Sakalları dans ederken rüzgarla, dışarıda çakan değil, gözlerinde çakan şimşeklerdir daha alevli olan!

Şimdi bir rövanş zamanıdır vakit!

Hoca, ayağını kaldırır, vurur sertçe yere! Çatı kiremitleri sökülür birer birer, yükselir göğe! Elinin ufak bir hareketiyle, tutar onları yüksekte! Hoca'nın her tarafı, havada asılı kiremitlerle çevrilidir şimdi. Gözleri kilitlenmiş İram'a...

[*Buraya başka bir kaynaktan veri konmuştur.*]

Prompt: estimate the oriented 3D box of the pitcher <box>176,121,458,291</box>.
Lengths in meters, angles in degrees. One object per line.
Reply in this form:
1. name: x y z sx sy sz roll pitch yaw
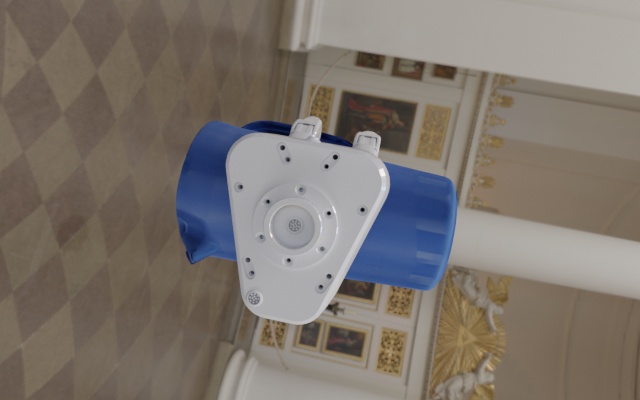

İram, kabartmış yelesini bir aslan gibi. Saldırıya hazır, burnundan solumakta. Gözleri, yüzünün ifadesini aydınlatan, alev kızılı! Ellerinin çevresinde oluşmaya başlayan alev çemberleri. Yağan yağmurların söndüremeyeceği, cehennem ateşiydi, ellerinde yanan!
Gözleri kilitlenmiş Hoca'ya...

İki ayrı çatıda, iki ayrı taraf! İki güç yağmurun altında! İki farklı mizaç!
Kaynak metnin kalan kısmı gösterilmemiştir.